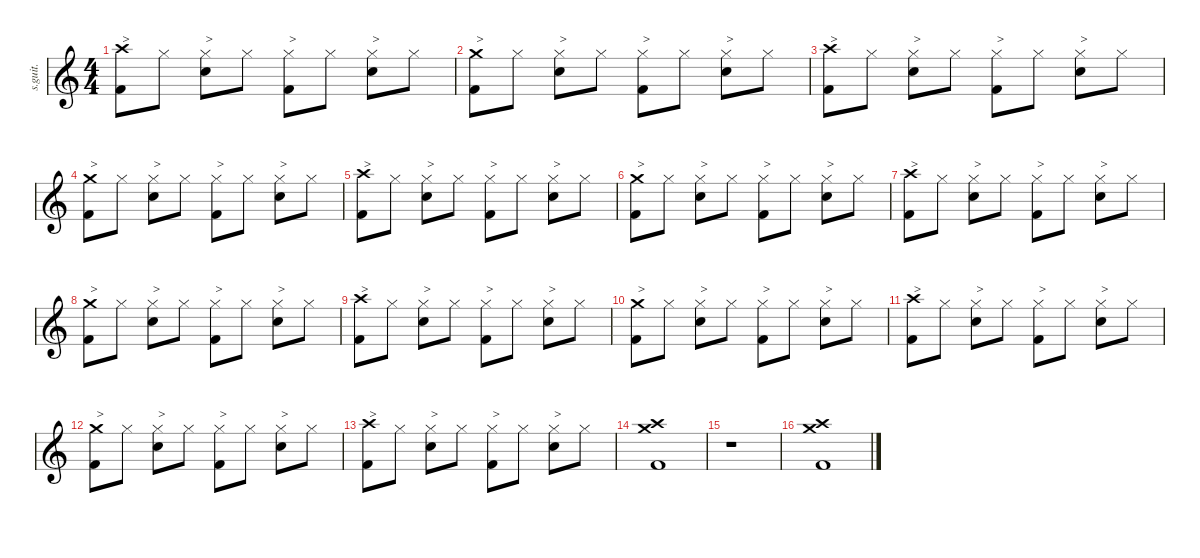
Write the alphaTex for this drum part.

\defaultSystemsLayout 4
\hideDynamics
\bracketExtendMode nobrackets
\track ("Chris Slade" "s.guit.") {instrument percussion}
\staff {score}
\articulation defaults
\ts (4 4)
\tempo (134 hide)
\clef g2
\ks c
("Crash high (hit)" "Kick (hit) 2").8{txt ">" lyrics (0 "") lyrics (1 "") lyrics (2 "") lyrics (3 "") lyrics (4 "") dy f} "Hi-Hat (closed)".8{lyrics (0 "") lyrics (1 "") lyrics (2 "") lyrics (3 "") lyrics (4 "")} ("Hi-Hat (closed)" "Snare (hit) 2").8{txt ">" lyrics (0 "") lyrics (1 "") lyrics (2 "") lyrics (3 "") lyrics (4 "")} "Hi-Hat (closed)".8{lyrics (0 "") lyrics (1 "") lyrics (2 "") lyrics (3 "") lyrics (4 "") dy mf} ("Hi-Hat (closed)" "Kick (hit) 2").8{txt ">" lyrics (0 "") lyrics (1 "") lyrics (2 "") lyrics (3 "") lyrics (4 "") dy ff} "Hi-Hat (closed)".8{lyrics (0 "") lyrics (1 "") lyrics (2 "") lyrics (3 "") lyrics (4 "") dy mf} ("Hi-Hat (closed)" "Snare (hit) 2").8{txt ">" lyrics (0 "") lyrics (1 "") lyrics (2 "") lyrics (3 "") lyrics (4 "") dy f} "Hi-Hat (closed)".8{lyrics (0 "") lyrics (1 "") lyrics (2 "") lyrics (3 "") lyrics (4 "") dy mf} |
("Crash medium (hit)" "Kick (hit) 2").8{txt ">" lyrics (0 "") lyrics (1 "") lyrics (2 "") lyrics (3 "") lyrics (4 "") dy ff} "Hi-Hat (closed)".8{lyrics (0 "") lyrics (1 "") lyrics (2 "") lyrics (3 "") lyrics (4 "") dy f} ("Hi-Hat (closed)" "Snare (hit) 2").8{txt ">" lyrics (0 "") lyrics (1 "") lyrics (2 "") lyrics (3 "") lyrics (4 "")} "Hi-Hat (closed)".8{lyrics (0 "") lyrics (1 "") lyrics (2 "") lyrics (3 "") lyrics (4 "") dy mf} ("Hi-Hat (closed)" "Kick (hit) 2").8{txt ">" lyrics (0 "") lyrics (1 "") lyrics (2 "") lyrics (3 "") lyrics (4 "") dy ff} "Hi-Hat (closed)".8{lyrics (0 "") lyrics (1 "") lyrics (2 "") lyrics (3 "") lyrics (4 "") dy mf} ("Hi-Hat (closed)" "Snare (hit) 2").8{txt ">" lyrics (0 "") lyrics (1 "") lyrics (2 "") lyrics (3 "") lyrics (4 "") dy f} "Hi-Hat (closed)".8{lyrics (0 "") lyrics (1 "") lyrics (2 "") lyrics (3 "") lyrics (4 "") dy mf} |
("Crash high (hit)" "Kick (hit) 2").8{txt ">" lyrics (0 "") lyrics (1 "") lyrics (2 "") lyrics (3 "") lyrics (4 "") dy f} "Hi-Hat (closed)".8{lyrics (0 "") lyrics (1 "") lyrics (2 "") lyrics (3 "") lyrics (4 "")} ("Hi-Hat (closed)" "Snare (hit) 2").8{txt ">" lyrics (0 "") lyrics (1 "") lyrics (2 "") lyrics (3 "") lyrics (4 "")} "Hi-Hat (closed)".8{lyrics (0 "") lyrics (1 "") lyrics (2 "") lyrics (3 "") lyrics (4 "") dy mf} ("Hi-Hat (closed)" "Kick (hit) 2").8{txt ">" lyrics (0 "") lyrics (1 "") lyrics (2 "") lyrics (3 "") lyrics (4 "") dy ff} "Hi-Hat (closed)".8{lyrics (0 "") lyrics (1 "") lyrics (2 "") lyrics (3 "") lyrics (4 "") dy mf} ("Hi-Hat (closed)" "Snare (hit) 2").8{txt ">" lyrics (0 "") lyrics (1 "") lyrics (2 "") lyrics (3 "") lyrics (4 "") dy f} "Hi-Hat (closed)".8{lyrics (0 "") lyrics (1 "") lyrics (2 "") lyrics (3 "") lyrics (4 "") dy mf} |
("Crash medium (hit)" "Kick (hit) 2").8{txt ">" lyrics (0 "") lyrics (1 "") lyrics (2 "") lyrics (3 "") lyrics (4 "") dy ff} "Hi-Hat (closed)".8{lyrics (0 "") lyrics (1 "") lyrics (2 "") lyrics (3 "") lyrics (4 "") dy f} ("Hi-Hat (closed)" "Snare (hit) 2").8{txt ">" lyrics (0 "") lyrics (1 "") lyrics (2 "") lyrics (3 "") lyrics (4 "")} "Hi-Hat (closed)".8{lyrics (0 "") lyrics (1 "") lyrics (2 "") lyrics (3 "") lyrics (4 "") dy mf} ("Hi-Hat (closed)" "Kick (hit) 2").8{txt ">" lyrics (0 "") lyrics (1 "") lyrics (2 "") lyrics (3 "") lyrics (4 "") dy ff} "Hi-Hat (closed)".8{lyrics (0 "") lyrics (1 "") lyrics (2 "") lyrics (3 "") lyrics (4 "") dy mf} ("Hi-Hat (closed)" "Snare (hit) 2").8{txt ">" lyrics (0 "") lyrics (1 "") lyrics (2 "") lyrics (3 "") lyrics (4 "") dy f} "Hi-Hat (closed)".8{lyrics (0 "") lyrics (1 "") lyrics (2 "") lyrics (3 "") lyrics (4 "") dy mf} |
("Crash high (hit)" "Kick (hit) 2").8{txt ">" lyrics (0 "") lyrics (1 "") lyrics (2 "") lyrics (3 "") lyrics (4 "") dy f} "Hi-Hat (closed)".8{lyrics (0 "") lyrics (1 "") lyrics (2 "") lyrics (3 "") lyrics (4 "")} ("Hi-Hat (closed)" "Snare (hit) 2").8{txt ">" lyrics (0 "") lyrics (1 "") lyrics (2 "") lyrics (3 "") lyrics (4 "")} "Hi-Hat (closed)".8{lyrics (0 "") lyrics (1 "") lyrics (2 "") lyrics (3 "") lyrics (4 "") dy mf} ("Hi-Hat (closed)" "Kick (hit) 2").8{txt ">" lyrics (0 "") lyrics (1 "") lyrics (2 "") lyrics (3 "") lyrics (4 "") dy ff} "Hi-Hat (closed)".8{lyrics (0 "") lyrics (1 "") lyrics (2 "") lyrics (3 "") lyrics (4 "") dy mf} ("Hi-Hat (closed)" "Snare (hit) 2").8{txt ">" lyrics (0 "") lyrics (1 "") lyrics (2 "") lyrics (3 "") lyrics (4 "") dy f} "Hi-Hat (closed)".8{lyrics (0 "") lyrics (1 "") lyrics (2 "") lyrics (3 "") lyrics (4 "") dy mf} |
("Crash medium (hit)" "Kick (hit) 2").8{txt ">" lyrics (0 "") lyrics (1 "") lyrics (2 "") lyrics (3 "") lyrics (4 "") dy ff} "Hi-Hat (closed)".8{lyrics (0 "") lyrics (1 "") lyrics (2 "") lyrics (3 "") lyrics (4 "") dy f} ("Hi-Hat (closed)" "Snare (hit) 2").8{txt ">" lyrics (0 "") lyrics (1 "") lyrics (2 "") lyrics (3 "") lyrics (4 "")} "Hi-Hat (closed)".8{lyrics (0 "") lyrics (1 "") lyrics (2 "") lyrics (3 "") lyrics (4 "") dy mf} ("Hi-Hat (closed)" "Kick (hit) 2").8{txt ">" lyrics (0 "") lyrics (1 "") lyrics (2 "") lyrics (3 "") lyrics (4 "") dy ff} "Hi-Hat (closed)".8{lyrics (0 "") lyrics (1 "") lyrics (2 "") lyrics (3 "") lyrics (4 "") dy mf} ("Hi-Hat (closed)" "Snare (hit) 2").8{txt ">" lyrics (0 "") lyrics (1 "") lyrics (2 "") lyrics (3 "") lyrics (4 "") dy f} "Hi-Hat (closed)".8{lyrics (0 "") lyrics (1 "") lyrics (2 "") lyrics (3 "") lyrics (4 "") dy mf} |
("Crash high (hit)" "Kick (hit) 2").8{txt ">" lyrics (0 "") lyrics (1 "") lyrics (2 "") lyrics (3 "") lyrics (4 "") dy f} "Hi-Hat (closed)".8{lyrics (0 "") lyrics (1 "") lyrics (2 "") lyrics (3 "") lyrics (4 "")} ("Hi-Hat (closed)" "Snare (hit) 2").8{txt ">" lyrics (0 "") lyrics (1 "") lyrics (2 "") lyrics (3 "") lyrics (4 "")} "Hi-Hat (closed)".8{lyrics (0 "") lyrics (1 "") lyrics (2 "") lyrics (3 "") lyrics (4 "") dy mf} ("Hi-Hat (closed)" "Kick (hit) 2").8{txt ">" lyrics (0 "") lyrics (1 "") lyrics (2 "") lyrics (3 "") lyrics (4 "") dy ff} "Hi-Hat (closed)".8{lyrics (0 "") lyrics (1 "") lyrics (2 "") lyrics (3 "") lyrics (4 "") dy mf} ("Hi-Hat (closed)" "Snare (hit) 2").8{txt ">" lyrics (0 "") lyrics (1 "") lyrics (2 "") lyrics (3 "") lyrics (4 "") dy f} "Hi-Hat (closed)".8{lyrics (0 "") lyrics (1 "") lyrics (2 "") lyrics (3 "") lyrics (4 "") dy mf} |
("Crash medium (hit)" "Kick (hit) 2").8{txt ">" lyrics (0 "") lyrics (1 "") lyrics (2 "") lyrics (3 "") lyrics (4 "") dy ff} "Hi-Hat (closed)".8{lyrics (0 "") lyrics (1 "") lyrics (2 "") lyrics (3 "") lyrics (4 "") dy f} ("Hi-Hat (closed)" "Snare (hit) 2").8{txt ">" lyrics (0 "") lyrics (1 "") lyrics (2 "") lyrics (3 "") lyrics (4 "")} "Hi-Hat (closed)".8{lyrics (0 "") lyrics (1 "") lyrics (2 "") lyrics (3 "") lyrics (4 "") dy mf} ("Hi-Hat (closed)" "Kick (hit) 2").8{txt ">" lyrics (0 "") lyrics (1 "") lyrics (2 "") lyrics (3 "") lyrics (4 "") dy ff} "Hi-Hat (closed)".8{lyrics (0 "") lyrics (1 "") lyrics (2 "") lyrics (3 "") lyrics (4 "") dy mf} ("Hi-Hat (closed)" "Snare (hit) 2").8{txt ">" lyrics (0 "") lyrics (1 "") lyrics (2 "") lyrics (3 "") lyrics (4 "") dy f} "Hi-Hat (closed)".8{lyrics (0 "") lyrics (1 "") lyrics (2 "") lyrics (3 "") lyrics (4 "") dy mf} |
("Crash high (hit)" "Kick (hit) 2").8{txt ">" lyrics (0 "") lyrics (1 "") lyrics (2 "") lyrics (3 "") lyrics (4 "") dy f} "Hi-Hat (closed)".8{lyrics (0 "") lyrics (1 "") lyrics (2 "") lyrics (3 "") lyrics (4 "")} ("Hi-Hat (closed)" "Snare (hit) 2").8{txt ">" lyrics (0 "") lyrics (1 "") lyrics (2 "") lyrics (3 "") lyrics (4 "")} "Hi-Hat (closed)".8{lyrics (0 "") lyrics (1 "") lyrics (2 "") lyrics (3 "") lyrics (4 "") dy mf} ("Hi-Hat (closed)" "Kick (hit) 2").8{txt ">" lyrics (0 "") lyrics (1 "") lyrics (2 "") lyrics (3 "") lyrics (4 "") dy ff} "Hi-Hat (closed)".8{lyrics (0 "") lyrics (1 "") lyrics (2 "") lyrics (3 "") lyrics (4 "") dy mf} ("Hi-Hat (closed)" "Snare (hit) 2").8{txt ">" lyrics (0 "") lyrics (1 "") lyrics (2 "") lyrics (3 "") lyrics (4 "") dy f} "Hi-Hat (closed)".8{lyrics (0 "") lyrics (1 "") lyrics (2 "") lyrics (3 "") lyrics (4 "") dy mf} |
("Crash medium (hit)" "Kick (hit) 2").8{txt ">" lyrics (0 "") lyrics (1 "") lyrics (2 "") lyrics (3 "") lyrics (4 "") dy ff} "Hi-Hat (closed)".8{lyrics (0 "") lyrics (1 "") lyrics (2 "") lyrics (3 "") lyrics (4 "") dy f} ("Hi-Hat (closed)" "Snare (hit) 2").8{txt ">" lyrics (0 "") lyrics (1 "") lyrics (2 "") lyrics (3 "") lyrics (4 "")} "Hi-Hat (closed)".8{lyrics (0 "") lyrics (1 "") lyrics (2 "") lyrics (3 "") lyrics (4 "") dy mf} ("Hi-Hat (closed)" "Kick (hit) 2").8{txt ">" lyrics (0 "") lyrics (1 "") lyrics (2 "") lyrics (3 "") lyrics (4 "") dy ff} "Hi-Hat (closed)".8{lyrics (0 "") lyrics (1 "") lyrics (2 "") lyrics (3 "") lyrics (4 "") dy mf} ("Hi-Hat (closed)" "Snare (hit) 2").8{txt ">" lyrics (0 "") lyrics (1 "") lyrics (2 "") lyrics (3 "") lyrics (4 "") dy f} "Hi-Hat (closed)".8{lyrics (0 "") lyrics (1 "") lyrics (2 "") lyrics (3 "") lyrics (4 "") dy mf} |
("Crash high (hit)" "Kick (hit) 2").8{txt ">" lyrics (0 "") lyrics (1 "") lyrics (2 "") lyrics (3 "") lyrics (4 "") dy f} "Hi-Hat (closed)".8{lyrics (0 "") lyrics (1 "") lyrics (2 "") lyrics (3 "") lyrics (4 "")} ("Hi-Hat (closed)" "Snare (hit) 2").8{txt ">" lyrics (0 "") lyrics (1 "") lyrics (2 "") lyrics (3 "") lyrics (4 "")} "Hi-Hat (closed)".8{lyrics (0 "") lyrics (1 "") lyrics (2 "") lyrics (3 "") lyrics (4 "") dy mf} ("Hi-Hat (closed)" "Kick (hit) 2").8{txt ">" lyrics (0 "") lyrics (1 "") lyrics (2 "") lyrics (3 "") lyrics (4 "") dy ff} "Hi-Hat (closed)".8{lyrics (0 "") lyrics (1 "") lyrics (2 "") lyrics (3 "") lyrics (4 "") dy mf} ("Hi-Hat (closed)" "Snare (hit) 2").8{txt ">" lyrics (0 "") lyrics (1 "") lyrics (2 "") lyrics (3 "") lyrics (4 "") dy f} "Hi-Hat (closed)".8{lyrics (0 "") lyrics (1 "") lyrics (2 "") lyrics (3 "") lyrics (4 "") dy mf} |
("Crash medium (hit)" "Kick (hit) 2").8{txt ">" lyrics (0 "") lyrics (1 "") lyrics (2 "") lyrics (3 "") lyrics (4 "") dy ff} "Hi-Hat (closed)".8{lyrics (0 "") lyrics (1 "") lyrics (2 "") lyrics (3 "") lyrics (4 "") dy f} ("Hi-Hat (closed)" "Snare (hit) 2").8{txt ">" lyrics (0 "") lyrics (1 "") lyrics (2 "") lyrics (3 "") lyrics (4 "")} "Hi-Hat (closed)".8{lyrics (0 "") lyrics (1 "") lyrics (2 "") lyrics (3 "") lyrics (4 "") dy mf} ("Hi-Hat (closed)" "Kick (hit) 2").8{txt ">" lyrics (0 "") lyrics (1 "") lyrics (2 "") lyrics (3 "") lyrics (4 "") dy ff} "Hi-Hat (closed)".8{lyrics (0 "") lyrics (1 "") lyrics (2 "") lyrics (3 "") lyrics (4 "") dy mf} ("Hi-Hat (closed)" "Snare (hit) 2").8{txt ">" lyrics (0 "") lyrics (1 "") lyrics (2 "") lyrics (3 "") lyrics (4 "") dy f} "Hi-Hat (closed)".8{lyrics (0 "") lyrics (1 "") lyrics (2 "") lyrics (3 "") lyrics (4 "") dy mf} |
("Crash high (hit)" "Kick (hit) 2").8{txt ">" lyrics (0 "") lyrics (1 "") lyrics (2 "") lyrics (3 "") lyrics (4 "") dy f} "Hi-Hat (closed)".8{lyrics (0 "") lyrics (1 "") lyrics (2 "") lyrics (3 "") lyrics (4 "")} ("Hi-Hat (closed)" "Snare (hit) 2").8{txt ">" lyrics (0 "") lyrics (1 "") lyrics (2 "") lyrics (3 "") lyrics (4 "")} "Hi-Hat (closed)".8{lyrics (0 "") lyrics (1 "") lyrics (2 "") lyrics (3 "") lyrics (4 "") dy mf} ("Hi-Hat (closed)" "Kick (hit) 2").8{txt ">" lyrics (0 "") lyrics (1 "") lyrics (2 "") lyrics (3 "") lyrics (4 "") dy ff} "Hi-Hat (closed)".8{lyrics (0 "") lyrics (1 "") lyrics (2 "") lyrics (3 "") lyrics (4 "") dy mf} ("Hi-Hat (closed)" "Snare (hit) 2").8{txt ">" lyrics (0 "") lyrics (1 "") lyrics (2 "") lyrics (3 "") lyrics (4 "") dy f} "Hi-Hat (closed)".8{lyrics (0 "") lyrics (1 "") lyrics (2 "") lyrics (3 "") lyrics (4 "") dy mf} |
\tempo (126 hide)
("Crash medium (hit)" "Crash high (hit)" "Kick (hit) 2").1{lyrics (0 "") lyrics (1 "") lyrics (2 "") lyrics (3 "") lyrics (4 "") dy ff} |
\tempo (118 hide)
r.1 |
\tempo (108 hide)
("Crash medium (hit)" "Crash high (hit)" "Kick (hit) 2").1{lyrics (0 "") lyrics (1 "") lyrics (2 "") lyrics (3 "") lyrics (4 "")}
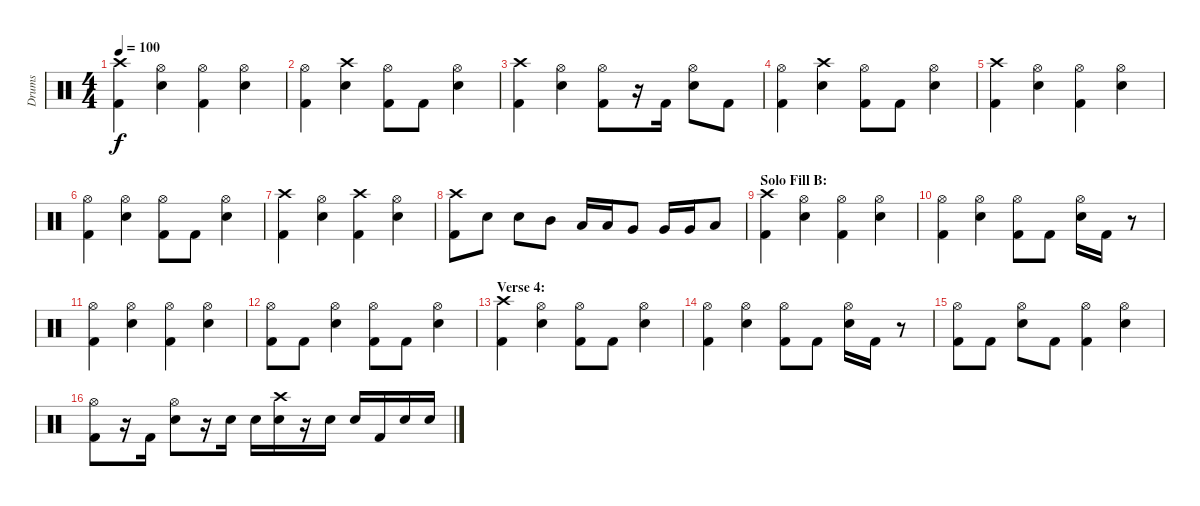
\track ("Drums" "Drums") {instrument percussion}
\staff {score}
\articulation defaults
\ts (4 4)
\tempo 100
\clef neutral
\ks c
("Crash high (hit)" "Kick (hit) 2").4{dy f} ("Hi-Hat (open)" "Electric Snare (hit)").4 ("Hi-Hat (open)" "Kick (hit) 2").4 ("Hi-Hat (open)" "Electric Snare (hit)").4 |
("Hi-Hat (open)" "Kick (hit) 2").4 ("Crash high (hit)" "Electric Snare (hit)").4 ("Hi-Hat (open)" "Kick (hit) 2").8 "Kick (hit) 2".8 ("Hi-Hat (open)" "Electric Snare (hit)").4 |
("Crash high (hit)" "Kick (hit) 2").4 ("Hi-Hat (open)" "Electric Snare (hit)").4 ("Hi-Hat (open)" "Kick (hit) 2").8 r.16 "Kick (hit) 2".16 ("Hi-Hat (open)" "Electric Snare (hit)").8 "Kick (hit) 2".8 |
("Hi-Hat (open)" "Kick (hit) 2").4 ("Crash high (hit)" "Electric Snare (hit)").4 ("Hi-Hat (open)" "Kick (hit) 2").8 "Kick (hit) 2".8 ("Hi-Hat (open)" "Electric Snare (hit)").4 |
("Crash high (hit)" "Kick (hit) 2").4 ("Hi-Hat (open)" "Electric Snare (hit)").4 ("Hi-Hat (open)" "Kick (hit) 2").4 ("Hi-Hat (open)" "Electric Snare (hit)").4 |
("Hi-Hat (open)" "Kick (hit) 2").4 ("Hi-Hat (open)" "Electric Snare (hit)").4 ("Hi-Hat (open)" "Kick (hit) 2").8 "Kick (hit) 2".8 ("Hi-Hat (open)" "Electric Snare (hit)").4 |
("Crash high (hit)" "Kick (hit) 2").4 ("Hi-Hat (open)" "Electric Snare (hit)").4 ("Crash high (hit)" "Kick (hit) 2").4 ("Hi-Hat (open)" "Electric Snare (hit)").4 |
("Crash high (hit)" "Kick (hit) 2").8 "Electric Snare (hit)".8 "Electric Snare (hit)".8 "Mid Tom (hit)".8 "Low Tom (hit)".16 "Low Tom (hit)".16 "Very Low Tom (hit)".8 "Very Low Tom (hit)".16 "Very Low Tom (hit)".16 "Low Floor Tom (hit)".8 |
\section ("" "Solo Fill B:")
("Crash high (hit)" "Kick (hit) 2").4 ("Hi-Hat (open)" "Electric Snare (hit)").4 ("Hi-Hat (open)" "Kick (hit) 2").4 ("Hi-Hat (open)" "Electric Snare (hit)").4 |
("Hi-Hat (open)" "Kick (hit) 2").4 ("Hi-Hat (open)" "Electric Snare (hit)").4 ("Hi-Hat (open)" "Kick (hit) 2").8 "Kick (hit) 2".8 ("Hi-Hat (open)" "Electric Snare (hit)").16 "Kick (hit) 2".16 r.8 |
("Hi-Hat (open)" "Kick (hit) 2").4 ("Hi-Hat (open)" "Electric Snare (hit)").4 ("Hi-Hat (open)" "Kick (hit) 2").4 ("Hi-Hat (open)" "Electric Snare (hit)").4 |
("Hi-Hat (open)" "Kick (hit) 2").8 "Kick (hit) 2".8 ("Hi-Hat (open)" "Electric Snare (hit)").4 ("Hi-Hat (open)" "Kick (hit) 2").8 "Kick (hit) 2".8 ("Hi-Hat (open)" "Electric Snare (hit)").4 |
\section ("" "Verse 4:")
("Crash high (hit)" "Kick (hit) 2").4 ("Hi-Hat (open)" "Electric Snare (hit)").4 ("Hi-Hat (open)" "Kick (hit) 2").8 "Kick (hit) 2".8 ("Hi-Hat (open)" "Electric Snare (hit)").4 |
("Hi-Hat (open)" "Kick (hit) 2").4 ("Hi-Hat (open)" "Electric Snare (hit)").4 ("Hi-Hat (open)" "Kick (hit) 2").8 "Kick (hit) 2".8 ("Hi-Hat (open)" "Electric Snare (hit)").16 "Kick (hit) 2".16 r.8 |
("Hi-Hat (open)" "Kick (hit) 2").8 "Kick (hit) 2".8 ("Hi-Hat (open)" "Electric Snare (hit)").8 "Kick (hit) 2".8 ("Hi-Hat (open)" "Kick (hit) 2").4 ("Hi-Hat (open)" "Electric Snare (hit)").4 |
("Hi-Hat (open)" "Kick (hit) 2").8 r.16 "Kick (hit) 2".16 ("Hi-Hat (open)" "Electric Snare (hit)").8 r.16 "Electric Snare (hit)".16 "Electric Snare (hit)".16 ("Crash high (hit)" "Electric Snare (hit)").16 r.16 "Electric Snare (hit)".16 "Electric Snare (hit)".16 "Kick (hit) 2".16 "Electric Snare (hit)".16 "Electric Snare (hit)".16

== WORK REQUIRED ==
Show every line of the entries above where the word "percussion" occurs.

== WRITTEN ANSWER ==
\track ("Chris Slade" "s.guit.") {instrument percussion}
\track ("Drums" "Drums") {instrument percussion}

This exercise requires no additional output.